L’IBA ne trompera personne en prétendant vouloir faire respecter scrupuleusement les paramètres de diffusion d’une radio privée. Sa démarche est plus que claire. Le nouveau président, qui n’y connaît strictement rien en communication ou en législation des médias, semble avoir eu pour seule mission commandée d’intimider Top FM et de lui faire payer ses différents “gates” sur Pravind Jugnauth et ses proches diffusés durant la dernière campagne électorale. Ce n’est que lorsque Pravind Jugnauth est critiqué ou tourné en dérision sur les réseaux sociaux que la police réagit au quart de tour et, en tout cas, bien plus rapidement que pour traquer les criminels et les vrais auteurs d’actes illégaux. Il n’est pas le seul à subir ce genre d’initiatives. Tous les leaders des partis politiques sont, un jour ou l’autre, objets de caricatures ou de critiques véhémentes sur Facebook. Y a-t-il eu une quelconque enquête de la police ?

Le dernier cas, celui de la secrétaire de l’ancienne présidente de la République Ameenah Gurib-Fakim, est intéressant à plus d’un titre. Rachna Seenauth a partagé un post hautement sarcastique sur le Premier ministre. Il est certes très vulgaire, ordurier même, dans sa conclusion, mais rien de vraiment très méchant. Elle a non seulement passé une nuit en cellule avant de retrouver la liberté conditionnelle jeudi, mais ses conseillers légaux Lovena Sowkhee et Erickson Mooneeapillay ont été verbalisés pour avoir enfreint les conditions du confinement. C’est comme si c’était deux quidams qui étaient sortis pour aller se balader dans la nature. Les voies de fait ne s’arrêtent pas le temps du confinement. Il n’y a qu’à recenser le nombre de vols, dont certains peuvent relever parfois de l’urgence alimentaire, dans les champs et les commerces. À l’heure de la technologie, il aurait été tellement plus simple qu’une autorisation d’un haut gradé sous forme numérique soit accordée pour la journée ou pour un déplacement précis à un professionnel qui a une urgence à traiter.

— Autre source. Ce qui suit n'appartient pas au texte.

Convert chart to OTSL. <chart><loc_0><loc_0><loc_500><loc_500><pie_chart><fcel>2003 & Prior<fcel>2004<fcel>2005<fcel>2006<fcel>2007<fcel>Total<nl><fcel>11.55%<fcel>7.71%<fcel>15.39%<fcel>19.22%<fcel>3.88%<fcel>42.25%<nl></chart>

C’est pareil pour les journalistes qui ont dû aller chercher leur autorisation de déplacement aux Casernes centrales, comme si les cartes de presse — qui suffisent ailleurs dans les pays démocratiques qui ont compris que les médias jouent un rôle prépondérant dans la lutte contre la pandémie — n’étaient pas assez valables pour justifier un déplacement professionnel. À quoi sert cette carte qui, ici, est, en plus, délivrée par le Government Information Service qui, comme on le sait, est la référence même en matière d’information utile et objective. Il est désormais dirigé par un conseiller politique qui voulait à tout pris prendre la place d’un fonctionnaire de carrière et l’éjecter du conseil d’administration de la MBC pour que la mainmise gouvernementale soit totale et sans entrave.

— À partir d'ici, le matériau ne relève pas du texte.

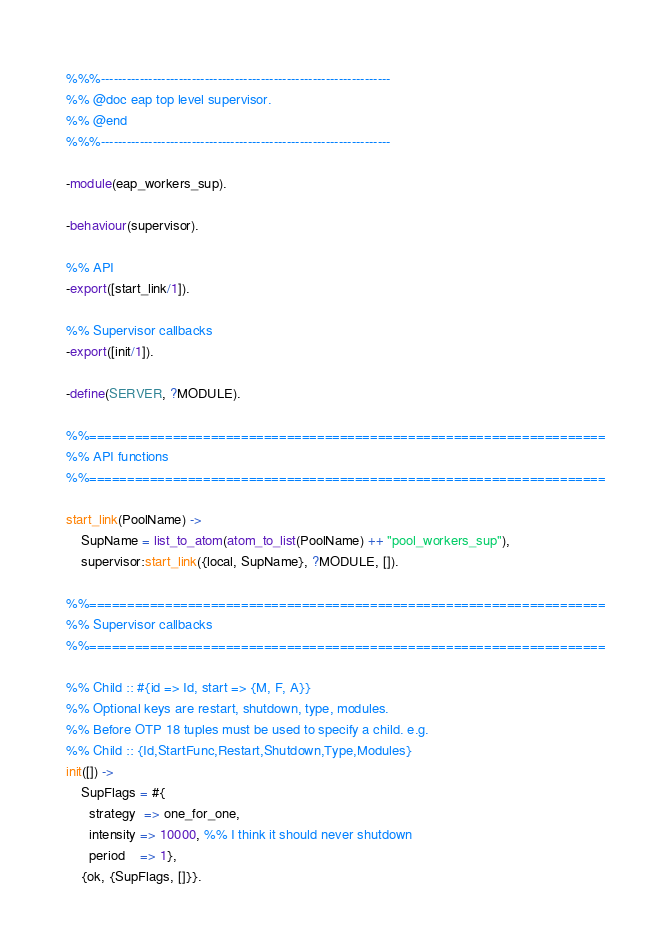Convert code to text. <code><loc_0><loc_0><loc_500><loc_500><_Erlang_>%%%-------------------------------------------------------------------
%% @doc eap top level supervisor.
%% @end
%%%-------------------------------------------------------------------

-module(eap_workers_sup).

-behaviour(supervisor).

%% API
-export([start_link/1]).

%% Supervisor callbacks
-export([init/1]).

-define(SERVER, ?MODULE).

%%====================================================================
%% API functions
%%====================================================================

start_link(PoolName) ->
    SupName = list_to_atom(atom_to_list(PoolName) ++ "pool_workers_sup"),
    supervisor:start_link({local, SupName}, ?MODULE, []).

%%====================================================================
%% Supervisor callbacks
%%====================================================================

%% Child :: #{id => Id, start => {M, F, A}}
%% Optional keys are restart, shutdown, type, modules.
%% Before OTP 18 tuples must be used to specify a child. e.g.
%% Child :: {Id,StartFunc,Restart,Shutdown,Type,Modules}
init([]) ->
    SupFlags = #{
      strategy  => one_for_one,
      intensity => 10000, %% I think it should never shutdown
      period    => 1},
    {ok, {SupFlags, []}}.

</code>

Non, il faut tout policer, tout contrôler. Il est vrai que lorsque la police applique strictement la loi, cela peut se retourner contre elle. Un pauvre officier en a fait l’amère expérience cette semaine. Il a été « faire son travail », comme aime le dire Pravind Jugnauth, et a pris en contravention un vendeur illégal de légumes et saisi les produits exposés. Une démarche conforme à la procédure. Mais il a eu la désagréable surprise d’apprendre qu’après un coup de fil d’un dirigeant politique de la localité, son supérieur avait reçu des directives pour retourner au hors-la-loi tous les produits saisis. C’est probablement une nouvelle version des propos enhardis du Premier ministre « nou pa pou toléré » et « nou pou aplik la loi ».

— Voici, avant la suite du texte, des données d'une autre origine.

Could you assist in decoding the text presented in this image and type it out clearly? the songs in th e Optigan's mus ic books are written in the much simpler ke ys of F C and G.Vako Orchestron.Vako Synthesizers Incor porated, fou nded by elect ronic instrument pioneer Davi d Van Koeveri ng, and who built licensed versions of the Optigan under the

Et parions d’ores et déjà que l’interventionniste indélicat ne sera pas sanctionné et qu’il va falloir attendre les prochaines élections pour qu’il soit exclu de la liste des candidats. Avec Pravind Jugnauth, nous sommes condamnés à vivre pendant cinq ans avec des hauts placés fraudeurs et irrespectueux des lois. Et là encore, c’est pas gagné ! Même si, ici, nous ne sommes pas partisans de la distinction de rang ou de profession lorsqu’il s’agit d’appliquer la loi, on peut légitimement se poser des questions sur ce qui différencie un marchand illégal de deux avocats qui avaient été sollicités pour défendre une cliente.